◆ **About this task**
Repeat every record exactly as written, but leave out the pictures.

◆ **Records excerpted from a collection**

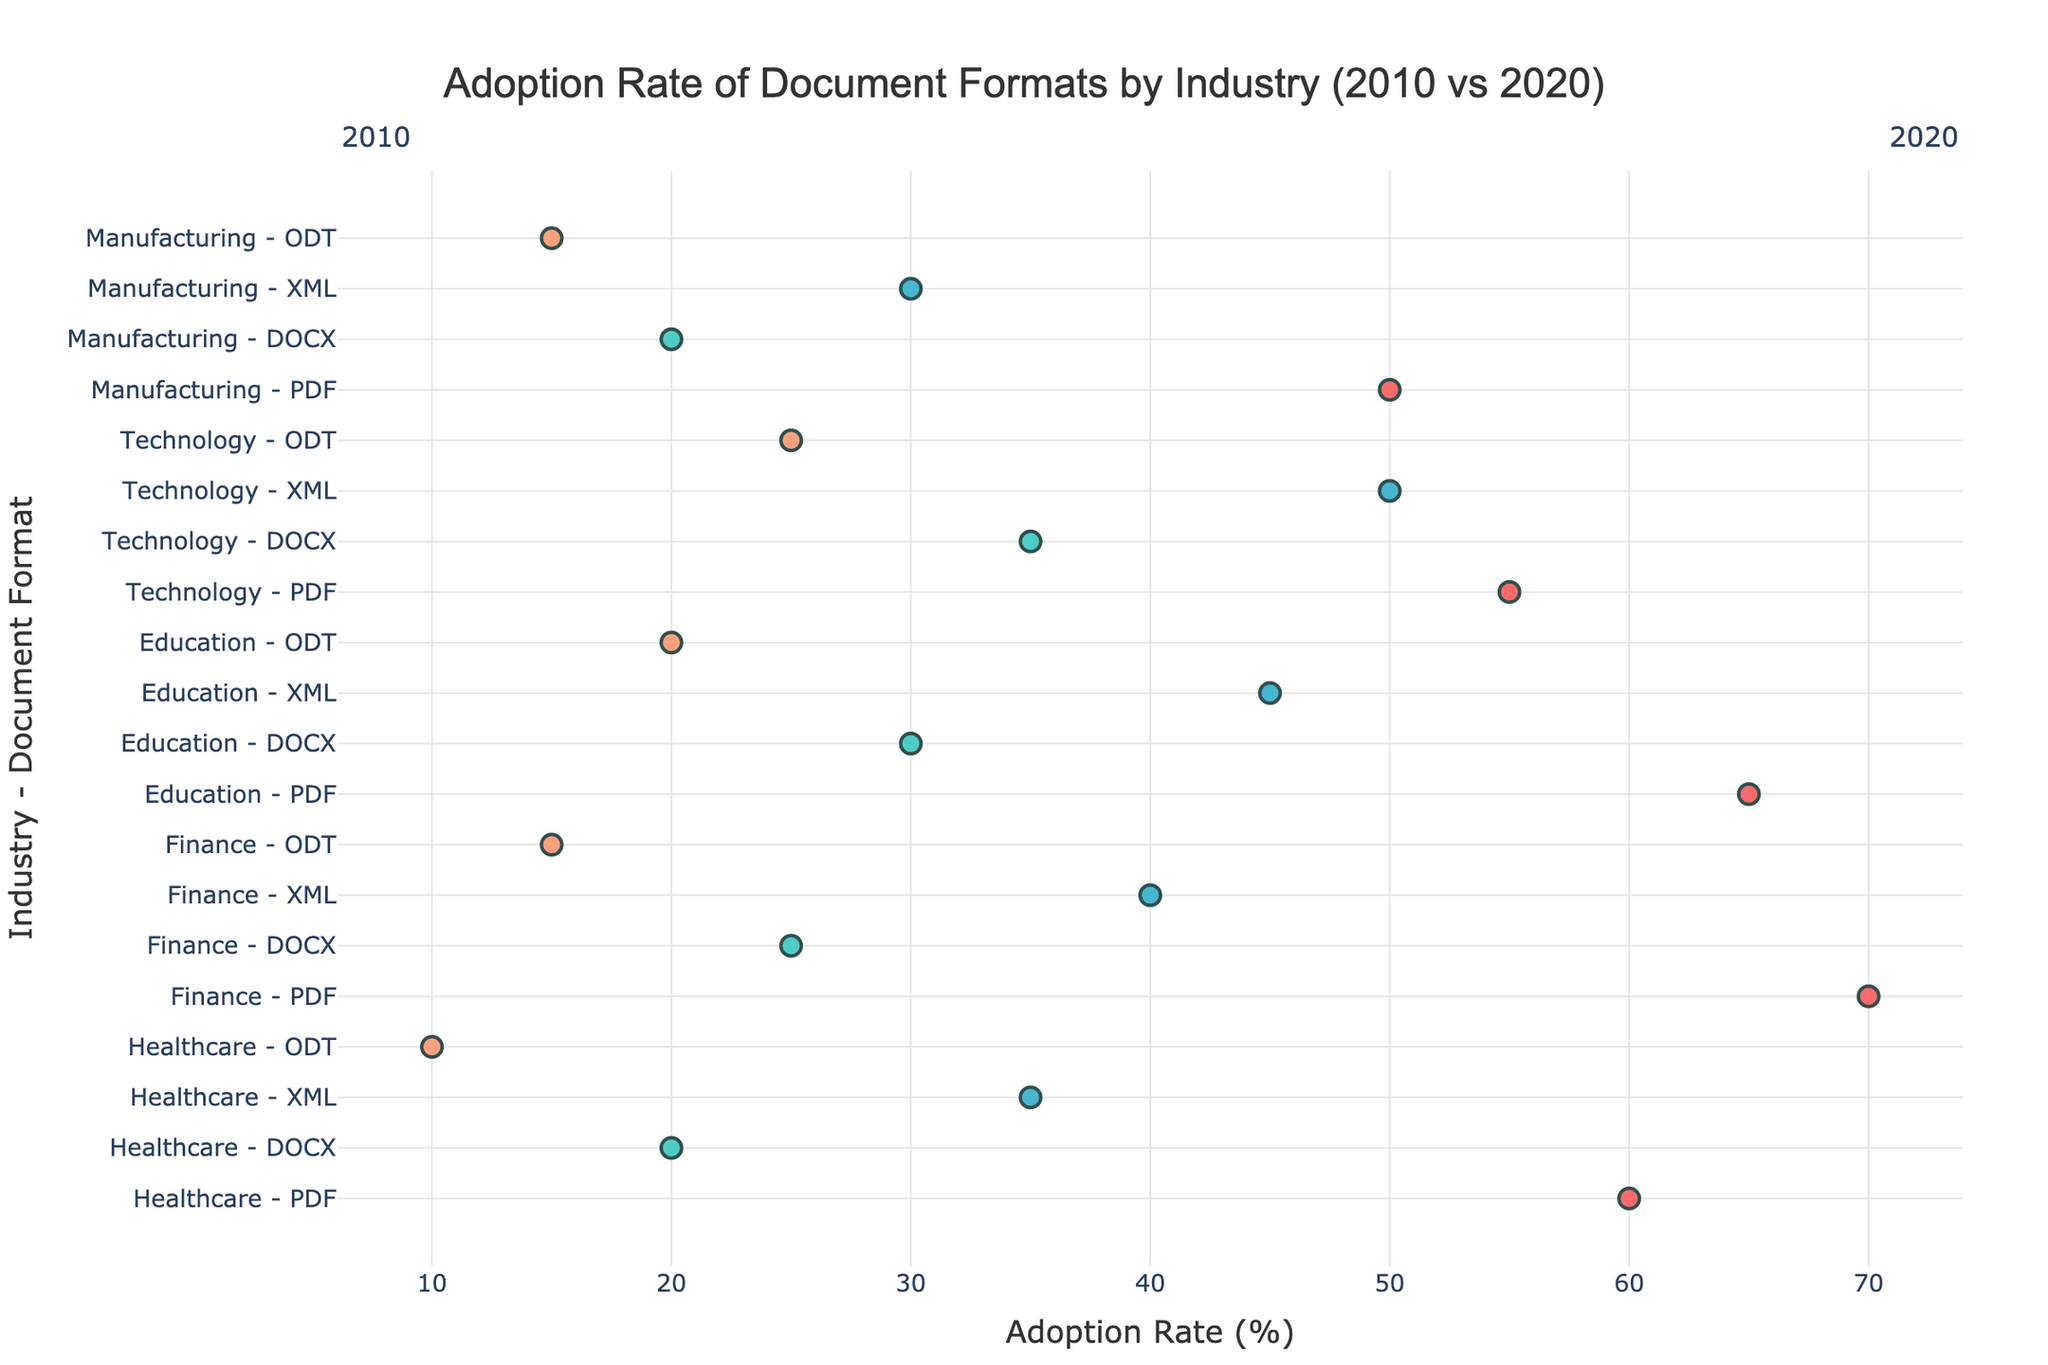What is the title of the plot? The title is typically placed at the top of the figure. Reading the text there gives us the name of the plot.
Answer: "Adoption Rate of Document Formats by Industry (2010 vs 2020)" What is the adoption rate of PDF in the Healthcare industry in 2020? Look for the point corresponding to Healthcare - PDF on the y-axis and follow the line to 2020 on the x-axis.
Answer: 85% Which industry had the highest increase in adoption rate for XML from 2010 to 2020? Identify the XML lines for each industry and measure the increase from the 2010 to 2020 points, determining which has the greatest difference.
Answer: Technology What is the average adoption rate of DOCX in all industries in 2010? Sum the adoption rates of DOCX for all industries in 2010 and divide by the number of industries (5). (20+25+30+35+20)/5
Answer: 26 How does the adoption rate of ODT in Education compare between 2010 and 2020? Identify the points for Education - ODT on the y-axis, and compare the x-axis values for 2010 and 2020.
Answer: Increased from 20% to 35% What is the difference in adoption rate of XML between Finance and Manufacturing in 2020? Compare the x-axis values for XML in Finance and Manufacturing in 2020 and calculate the difference. (70-50)
Answer: 20% Which document format had the least increase in adoption rate in the Manufacturing industry from 2010 to 2020? Identify each document format's line for Manufacturing, then measure the increase between 2010 and 2020 by subtracting the start value from the end value.
Answer: DOCX In which industry is the 2020 adoption rate of PDF higher than 80%? Locate the 2020 points for PDF on the x-axis and identify which industry's adoption rate surpasses 80%.
Answer: Healthcare, Finance, Education What is the total increase in adoption rate for PDF across all industries from 2010 to 2020? Sum the increases in adoption rates of PDF for each industry from 2010 to 2020. (85-60) + (90-70) + (80-65) + (75-55) + (70-50)
Answer: 70% Which document format in the Technology industry had the highest adoption rate in 2010? Among the plotting points in the Technology industry for 2010, identify which document format has the highest value.
Answer: XML 
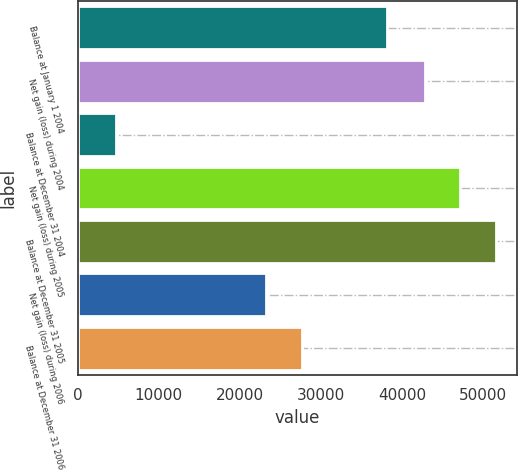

◆ **Reply to the task**
What is the title of the plot? The title is typically placed at the top of the figure. Reading the text there gives us the name of the plot.
Answer: "Adoption Rate of Document Formats by Industry (2010 vs 2020)" What is the adoption rate of PDF in the Healthcare industry in 2020? Look for the point corresponding to Healthcare - PDF on the y-axis and follow the line to 2020 on the x-axis.
Answer: 85% Which industry had the highest increase in adoption rate for XML from 2010 to 2020? Identify the XML lines for each industry and measure the increase from the 2010 to 2020 points, determining which has the greatest difference.
Answer: Technology What is the average adoption rate of DOCX in all industries in 2010? Sum the adoption rates of DOCX for all industries in 2010 and divide by the number of industries (5). (20+25+30+35+20)/5
Answer: 26 How does the adoption rate of ODT in Education compare between 2010 and 2020? Identify the points for Education - ODT on the y-axis, and compare the x-axis values for 2010 and 2020.
Answer: Increased from 20% to 35% What is the difference in adoption rate of XML between Finance and Manufacturing in 2020? Compare the x-axis values for XML in Finance and Manufacturing in 2020 and calculate the difference. (70-50)
Answer: 20% Which document format had the least increase in adoption rate in the Manufacturing industry from 2010 to 2020? Identify each document format's line for Manufacturing, then measure the increase between 2010 and 2020 by subtracting the start value from the end value.
Answer: DOCX In which industry is the 2020 adoption rate of PDF higher than 80%? Locate the 2020 points for PDF on the x-axis and identify which industry's adoption rate surpasses 80%.
Answer: Healthcare, Finance, Education What is the total increase in adoption rate for PDF across all industries from 2010 to 2020? Sum the increases in adoption rates of PDF for each industry from 2010 to 2020. (85-60) + (90-70) + (80-65) + (75-55) + (70-50)
Answer: 70% Which document format in the Technology industry had the highest adoption rate in 2010? Among the plotting points in the Technology industry for 2010, identify which document format has the highest value.
Answer: XML 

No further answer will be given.